The inspiration, he says, came from his parents, who would pack his bag with these chips when he was travelling for work. “If you are travelling from Kerala to another place, “this snack is a must-have,” he says.
But he felt there was a lack of outlets that sold authentic banana chips outside of Kerala. “I wanted these to be available all over India.”
It was his zeal and idea that got him into Shark Tank India, where he asked for Rs 50 lakh in return of 2.5 per cent share in equity. Ashneer Grover, co-founder of Bharat Pe, and Aman Gupta, co-founder boAt Lifestyle, came on board. Manas says that thanks to them, the products are available in more than 3,500 outlets in Mumbai and Pune.
6. Chew N Brew – Eat On The Go
Kashmir has found its way into the hearts of many through its landscape and food, both of which travellers say are ‘heavenly’. Sajad Ahmad Bhat (40), an MBA graduate from Bharatiya Vidyapeeth University (BVP), Pune wanted everyone to experience this ‘heavenly’ food, but without paying a high price for it.

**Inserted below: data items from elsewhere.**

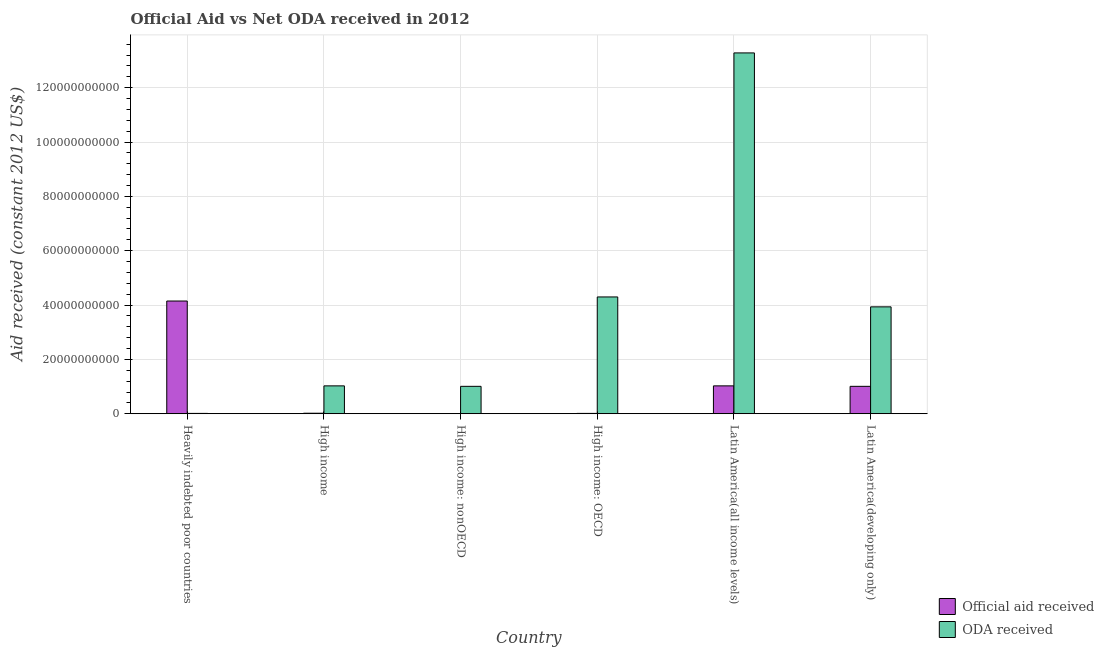How many groups of bars are there?
Offer a very short reply. 6. Are the number of bars per tick equal to the number of legend labels?
Your response must be concise. Yes. How many bars are there on the 3rd tick from the left?
Your answer should be very brief. 2. What is the label of the 4th group of bars from the left?
Your answer should be very brief. High income: OECD. What is the oda received in Heavily indebted poor countries?
Your answer should be very brief. 1.25e+08. Across all countries, what is the maximum official aid received?
Keep it short and to the point. 4.15e+1. Across all countries, what is the minimum official aid received?
Your answer should be compact. 5.78e+07. In which country was the oda received maximum?
Your response must be concise. Latin America(all income levels). In which country was the oda received minimum?
Provide a succinct answer. Heavily indebted poor countries. What is the total oda received in the graph?
Your answer should be very brief. 2.36e+11. What is the difference between the official aid received in High income and that in Latin America(all income levels)?
Provide a succinct answer. -1.01e+1. What is the difference between the oda received in Latin America(developing only) and the official aid received in High income: nonOECD?
Offer a very short reply. 3.93e+1. What is the average official aid received per country?
Provide a succinct answer. 1.04e+1. What is the difference between the official aid received and oda received in Latin America(all income levels)?
Ensure brevity in your answer.  -1.23e+11. In how many countries, is the official aid received greater than 40000000000 US$?
Provide a short and direct response. 1. What is the ratio of the oda received in High income to that in High income: OECD?
Make the answer very short. 0.24. Is the difference between the official aid received in High income and Latin America(all income levels) greater than the difference between the oda received in High income and Latin America(all income levels)?
Provide a short and direct response. Yes. What is the difference between the highest and the second highest oda received?
Ensure brevity in your answer.  8.98e+1. What is the difference between the highest and the lowest official aid received?
Give a very brief answer. 4.14e+1. What does the 1st bar from the left in Latin America(all income levels) represents?
Provide a short and direct response. Official aid received. What does the 2nd bar from the right in Heavily indebted poor countries represents?
Give a very brief answer. Official aid received. Are all the bars in the graph horizontal?
Provide a succinct answer. No. How many countries are there in the graph?
Your answer should be compact. 6. Are the values on the major ticks of Y-axis written in scientific E-notation?
Your answer should be compact. No. Where does the legend appear in the graph?
Offer a very short reply. Bottom right. How are the legend labels stacked?
Your answer should be compact. Vertical. What is the title of the graph?
Keep it short and to the point. Official Aid vs Net ODA received in 2012 . Does "Goods and services" appear as one of the legend labels in the graph?
Make the answer very short. No. What is the label or title of the Y-axis?
Keep it short and to the point. Aid received (constant 2012 US$). What is the Aid received (constant 2012 US$) of Official aid received in Heavily indebted poor countries?
Make the answer very short. 4.15e+1. What is the Aid received (constant 2012 US$) in ODA received in Heavily indebted poor countries?
Provide a short and direct response. 1.25e+08. What is the Aid received (constant 2012 US$) in Official aid received in High income?
Your response must be concise. 1.88e+08. What is the Aid received (constant 2012 US$) in ODA received in High income?
Offer a terse response. 1.03e+1. What is the Aid received (constant 2012 US$) of Official aid received in High income: nonOECD?
Your answer should be compact. 5.78e+07. What is the Aid received (constant 2012 US$) in ODA received in High income: nonOECD?
Your answer should be compact. 1.01e+1. What is the Aid received (constant 2012 US$) of Official aid received in High income: OECD?
Offer a terse response. 1.25e+08. What is the Aid received (constant 2012 US$) in ODA received in High income: OECD?
Keep it short and to the point. 4.30e+1. What is the Aid received (constant 2012 US$) of Official aid received in Latin America(all income levels)?
Offer a very short reply. 1.03e+1. What is the Aid received (constant 2012 US$) of ODA received in Latin America(all income levels)?
Offer a terse response. 1.33e+11. What is the Aid received (constant 2012 US$) in Official aid received in Latin America(developing only)?
Offer a terse response. 1.01e+1. What is the Aid received (constant 2012 US$) in ODA received in Latin America(developing only)?
Keep it short and to the point. 3.93e+1. Across all countries, what is the maximum Aid received (constant 2012 US$) in Official aid received?
Give a very brief answer. 4.15e+1. Across all countries, what is the maximum Aid received (constant 2012 US$) in ODA received?
Offer a very short reply. 1.33e+11. Across all countries, what is the minimum Aid received (constant 2012 US$) of Official aid received?
Give a very brief answer. 5.78e+07. Across all countries, what is the minimum Aid received (constant 2012 US$) in ODA received?
Make the answer very short. 1.25e+08. What is the total Aid received (constant 2012 US$) in Official aid received in the graph?
Give a very brief answer. 6.22e+1. What is the total Aid received (constant 2012 US$) of ODA received in the graph?
Offer a terse response. 2.36e+11. What is the difference between the Aid received (constant 2012 US$) of Official aid received in Heavily indebted poor countries and that in High income?
Give a very brief answer. 4.13e+1. What is the difference between the Aid received (constant 2012 US$) in ODA received in Heavily indebted poor countries and that in High income?
Offer a very short reply. -1.01e+1. What is the difference between the Aid received (constant 2012 US$) in Official aid received in Heavily indebted poor countries and that in High income: nonOECD?
Offer a terse response. 4.14e+1. What is the difference between the Aid received (constant 2012 US$) of ODA received in Heavily indebted poor countries and that in High income: nonOECD?
Keep it short and to the point. -9.96e+09. What is the difference between the Aid received (constant 2012 US$) in Official aid received in Heavily indebted poor countries and that in High income: OECD?
Offer a very short reply. 4.14e+1. What is the difference between the Aid received (constant 2012 US$) of ODA received in Heavily indebted poor countries and that in High income: OECD?
Your answer should be compact. -4.29e+1. What is the difference between the Aid received (constant 2012 US$) of Official aid received in Heavily indebted poor countries and that in Latin America(all income levels)?
Your answer should be very brief. 3.12e+1. What is the difference between the Aid received (constant 2012 US$) of ODA received in Heavily indebted poor countries and that in Latin America(all income levels)?
Your answer should be very brief. -1.33e+11. What is the difference between the Aid received (constant 2012 US$) of Official aid received in Heavily indebted poor countries and that in Latin America(developing only)?
Keep it short and to the point. 3.14e+1. What is the difference between the Aid received (constant 2012 US$) in ODA received in Heavily indebted poor countries and that in Latin America(developing only)?
Ensure brevity in your answer.  -3.92e+1. What is the difference between the Aid received (constant 2012 US$) of Official aid received in High income and that in High income: nonOECD?
Give a very brief answer. 1.30e+08. What is the difference between the Aid received (constant 2012 US$) of ODA received in High income and that in High income: nonOECD?
Give a very brief answer. 1.73e+08. What is the difference between the Aid received (constant 2012 US$) of Official aid received in High income and that in High income: OECD?
Your answer should be compact. 6.28e+07. What is the difference between the Aid received (constant 2012 US$) of ODA received in High income and that in High income: OECD?
Your answer should be very brief. -3.27e+1. What is the difference between the Aid received (constant 2012 US$) of Official aid received in High income and that in Latin America(all income levels)?
Offer a very short reply. -1.01e+1. What is the difference between the Aid received (constant 2012 US$) of ODA received in High income and that in Latin America(all income levels)?
Your answer should be very brief. -1.23e+11. What is the difference between the Aid received (constant 2012 US$) of Official aid received in High income and that in Latin America(developing only)?
Provide a short and direct response. -9.90e+09. What is the difference between the Aid received (constant 2012 US$) of ODA received in High income and that in Latin America(developing only)?
Your answer should be compact. -2.91e+1. What is the difference between the Aid received (constant 2012 US$) in Official aid received in High income: nonOECD and that in High income: OECD?
Offer a terse response. -6.71e+07. What is the difference between the Aid received (constant 2012 US$) of ODA received in High income: nonOECD and that in High income: OECD?
Offer a very short reply. -3.29e+1. What is the difference between the Aid received (constant 2012 US$) of Official aid received in High income: nonOECD and that in Latin America(all income levels)?
Your response must be concise. -1.02e+1. What is the difference between the Aid received (constant 2012 US$) in ODA received in High income: nonOECD and that in Latin America(all income levels)?
Offer a terse response. -1.23e+11. What is the difference between the Aid received (constant 2012 US$) in Official aid received in High income: nonOECD and that in Latin America(developing only)?
Provide a succinct answer. -1.00e+1. What is the difference between the Aid received (constant 2012 US$) in ODA received in High income: nonOECD and that in Latin America(developing only)?
Offer a terse response. -2.93e+1. What is the difference between the Aid received (constant 2012 US$) in Official aid received in High income: OECD and that in Latin America(all income levels)?
Keep it short and to the point. -1.01e+1. What is the difference between the Aid received (constant 2012 US$) in ODA received in High income: OECD and that in Latin America(all income levels)?
Provide a succinct answer. -8.98e+1. What is the difference between the Aid received (constant 2012 US$) of Official aid received in High income: OECD and that in Latin America(developing only)?
Make the answer very short. -9.96e+09. What is the difference between the Aid received (constant 2012 US$) of ODA received in High income: OECD and that in Latin America(developing only)?
Offer a terse response. 3.64e+09. What is the difference between the Aid received (constant 2012 US$) in Official aid received in Latin America(all income levels) and that in Latin America(developing only)?
Offer a terse response. 1.73e+08. What is the difference between the Aid received (constant 2012 US$) in ODA received in Latin America(all income levels) and that in Latin America(developing only)?
Give a very brief answer. 9.35e+1. What is the difference between the Aid received (constant 2012 US$) in Official aid received in Heavily indebted poor countries and the Aid received (constant 2012 US$) in ODA received in High income?
Provide a short and direct response. 3.12e+1. What is the difference between the Aid received (constant 2012 US$) of Official aid received in Heavily indebted poor countries and the Aid received (constant 2012 US$) of ODA received in High income: nonOECD?
Keep it short and to the point. 3.14e+1. What is the difference between the Aid received (constant 2012 US$) in Official aid received in Heavily indebted poor countries and the Aid received (constant 2012 US$) in ODA received in High income: OECD?
Your answer should be compact. -1.50e+09. What is the difference between the Aid received (constant 2012 US$) in Official aid received in Heavily indebted poor countries and the Aid received (constant 2012 US$) in ODA received in Latin America(all income levels)?
Keep it short and to the point. -9.13e+1. What is the difference between the Aid received (constant 2012 US$) of Official aid received in Heavily indebted poor countries and the Aid received (constant 2012 US$) of ODA received in Latin America(developing only)?
Your response must be concise. 2.14e+09. What is the difference between the Aid received (constant 2012 US$) in Official aid received in High income and the Aid received (constant 2012 US$) in ODA received in High income: nonOECD?
Ensure brevity in your answer.  -9.90e+09. What is the difference between the Aid received (constant 2012 US$) in Official aid received in High income and the Aid received (constant 2012 US$) in ODA received in High income: OECD?
Offer a terse response. -4.28e+1. What is the difference between the Aid received (constant 2012 US$) in Official aid received in High income and the Aid received (constant 2012 US$) in ODA received in Latin America(all income levels)?
Offer a very short reply. -1.33e+11. What is the difference between the Aid received (constant 2012 US$) in Official aid received in High income and the Aid received (constant 2012 US$) in ODA received in Latin America(developing only)?
Ensure brevity in your answer.  -3.91e+1. What is the difference between the Aid received (constant 2012 US$) of Official aid received in High income: nonOECD and the Aid received (constant 2012 US$) of ODA received in High income: OECD?
Keep it short and to the point. -4.29e+1. What is the difference between the Aid received (constant 2012 US$) of Official aid received in High income: nonOECD and the Aid received (constant 2012 US$) of ODA received in Latin America(all income levels)?
Make the answer very short. -1.33e+11. What is the difference between the Aid received (constant 2012 US$) of Official aid received in High income: nonOECD and the Aid received (constant 2012 US$) of ODA received in Latin America(developing only)?
Provide a short and direct response. -3.93e+1. What is the difference between the Aid received (constant 2012 US$) of Official aid received in High income: OECD and the Aid received (constant 2012 US$) of ODA received in Latin America(all income levels)?
Keep it short and to the point. -1.33e+11. What is the difference between the Aid received (constant 2012 US$) of Official aid received in High income: OECD and the Aid received (constant 2012 US$) of ODA received in Latin America(developing only)?
Provide a succinct answer. -3.92e+1. What is the difference between the Aid received (constant 2012 US$) in Official aid received in Latin America(all income levels) and the Aid received (constant 2012 US$) in ODA received in Latin America(developing only)?
Offer a terse response. -2.91e+1. What is the average Aid received (constant 2012 US$) in Official aid received per country?
Give a very brief answer. 1.04e+1. What is the average Aid received (constant 2012 US$) in ODA received per country?
Ensure brevity in your answer.  3.93e+1. What is the difference between the Aid received (constant 2012 US$) of Official aid received and Aid received (constant 2012 US$) of ODA received in Heavily indebted poor countries?
Keep it short and to the point. 4.14e+1. What is the difference between the Aid received (constant 2012 US$) of Official aid received and Aid received (constant 2012 US$) of ODA received in High income?
Make the answer very short. -1.01e+1. What is the difference between the Aid received (constant 2012 US$) in Official aid received and Aid received (constant 2012 US$) in ODA received in High income: nonOECD?
Your response must be concise. -1.00e+1. What is the difference between the Aid received (constant 2012 US$) in Official aid received and Aid received (constant 2012 US$) in ODA received in High income: OECD?
Your response must be concise. -4.29e+1. What is the difference between the Aid received (constant 2012 US$) of Official aid received and Aid received (constant 2012 US$) of ODA received in Latin America(all income levels)?
Ensure brevity in your answer.  -1.23e+11. What is the difference between the Aid received (constant 2012 US$) of Official aid received and Aid received (constant 2012 US$) of ODA received in Latin America(developing only)?
Provide a succinct answer. -2.93e+1. What is the ratio of the Aid received (constant 2012 US$) of Official aid received in Heavily indebted poor countries to that in High income?
Offer a terse response. 221.03. What is the ratio of the Aid received (constant 2012 US$) in ODA received in Heavily indebted poor countries to that in High income?
Your answer should be very brief. 0.01. What is the ratio of the Aid received (constant 2012 US$) in Official aid received in Heavily indebted poor countries to that in High income: nonOECD?
Give a very brief answer. 717.88. What is the ratio of the Aid received (constant 2012 US$) in ODA received in Heavily indebted poor countries to that in High income: nonOECD?
Keep it short and to the point. 0.01. What is the ratio of the Aid received (constant 2012 US$) in Official aid received in Heavily indebted poor countries to that in High income: OECD?
Ensure brevity in your answer.  332.26. What is the ratio of the Aid received (constant 2012 US$) of ODA received in Heavily indebted poor countries to that in High income: OECD?
Keep it short and to the point. 0. What is the ratio of the Aid received (constant 2012 US$) in Official aid received in Heavily indebted poor countries to that in Latin America(all income levels)?
Your answer should be compact. 4.04. What is the ratio of the Aid received (constant 2012 US$) of ODA received in Heavily indebted poor countries to that in Latin America(all income levels)?
Make the answer very short. 0. What is the ratio of the Aid received (constant 2012 US$) of Official aid received in Heavily indebted poor countries to that in Latin America(developing only)?
Keep it short and to the point. 4.11. What is the ratio of the Aid received (constant 2012 US$) of ODA received in Heavily indebted poor countries to that in Latin America(developing only)?
Provide a short and direct response. 0. What is the ratio of the Aid received (constant 2012 US$) in Official aid received in High income to that in High income: nonOECD?
Offer a terse response. 3.25. What is the ratio of the Aid received (constant 2012 US$) of ODA received in High income to that in High income: nonOECD?
Offer a terse response. 1.02. What is the ratio of the Aid received (constant 2012 US$) of Official aid received in High income to that in High income: OECD?
Offer a terse response. 1.5. What is the ratio of the Aid received (constant 2012 US$) in ODA received in High income to that in High income: OECD?
Give a very brief answer. 0.24. What is the ratio of the Aid received (constant 2012 US$) of Official aid received in High income to that in Latin America(all income levels)?
Offer a terse response. 0.02. What is the ratio of the Aid received (constant 2012 US$) in ODA received in High income to that in Latin America(all income levels)?
Your response must be concise. 0.08. What is the ratio of the Aid received (constant 2012 US$) in Official aid received in High income to that in Latin America(developing only)?
Ensure brevity in your answer.  0.02. What is the ratio of the Aid received (constant 2012 US$) of ODA received in High income to that in Latin America(developing only)?
Offer a terse response. 0.26. What is the ratio of the Aid received (constant 2012 US$) in Official aid received in High income: nonOECD to that in High income: OECD?
Your response must be concise. 0.46. What is the ratio of the Aid received (constant 2012 US$) of ODA received in High income: nonOECD to that in High income: OECD?
Keep it short and to the point. 0.23. What is the ratio of the Aid received (constant 2012 US$) in Official aid received in High income: nonOECD to that in Latin America(all income levels)?
Provide a succinct answer. 0.01. What is the ratio of the Aid received (constant 2012 US$) in ODA received in High income: nonOECD to that in Latin America(all income levels)?
Your answer should be compact. 0.08. What is the ratio of the Aid received (constant 2012 US$) of Official aid received in High income: nonOECD to that in Latin America(developing only)?
Provide a succinct answer. 0.01. What is the ratio of the Aid received (constant 2012 US$) of ODA received in High income: nonOECD to that in Latin America(developing only)?
Your response must be concise. 0.26. What is the ratio of the Aid received (constant 2012 US$) of Official aid received in High income: OECD to that in Latin America(all income levels)?
Give a very brief answer. 0.01. What is the ratio of the Aid received (constant 2012 US$) in ODA received in High income: OECD to that in Latin America(all income levels)?
Provide a succinct answer. 0.32. What is the ratio of the Aid received (constant 2012 US$) in Official aid received in High income: OECD to that in Latin America(developing only)?
Your answer should be very brief. 0.01. What is the ratio of the Aid received (constant 2012 US$) in ODA received in High income: OECD to that in Latin America(developing only)?
Your answer should be very brief. 1.09. What is the ratio of the Aid received (constant 2012 US$) of Official aid received in Latin America(all income levels) to that in Latin America(developing only)?
Your answer should be very brief. 1.02. What is the ratio of the Aid received (constant 2012 US$) in ODA received in Latin America(all income levels) to that in Latin America(developing only)?
Keep it short and to the point. 3.38. What is the difference between the highest and the second highest Aid received (constant 2012 US$) of Official aid received?
Provide a short and direct response. 3.12e+1. What is the difference between the highest and the second highest Aid received (constant 2012 US$) of ODA received?
Your answer should be very brief. 8.98e+1. What is the difference between the highest and the lowest Aid received (constant 2012 US$) in Official aid received?
Provide a succinct answer. 4.14e+1. What is the difference between the highest and the lowest Aid received (constant 2012 US$) of ODA received?
Give a very brief answer. 1.33e+11.

“I wanted to kick start the street food culture in Srinagar,” he told India Times. And so he did, with delicious Kashmiri snacks available at affordable rates.
“We get 80 delivery orders in a day, while at the van counter we get over 150 orders in a day,” he continues, saying that they are planning to expand the business in the near future and also reach out to schools, colleges, offices and hospitals.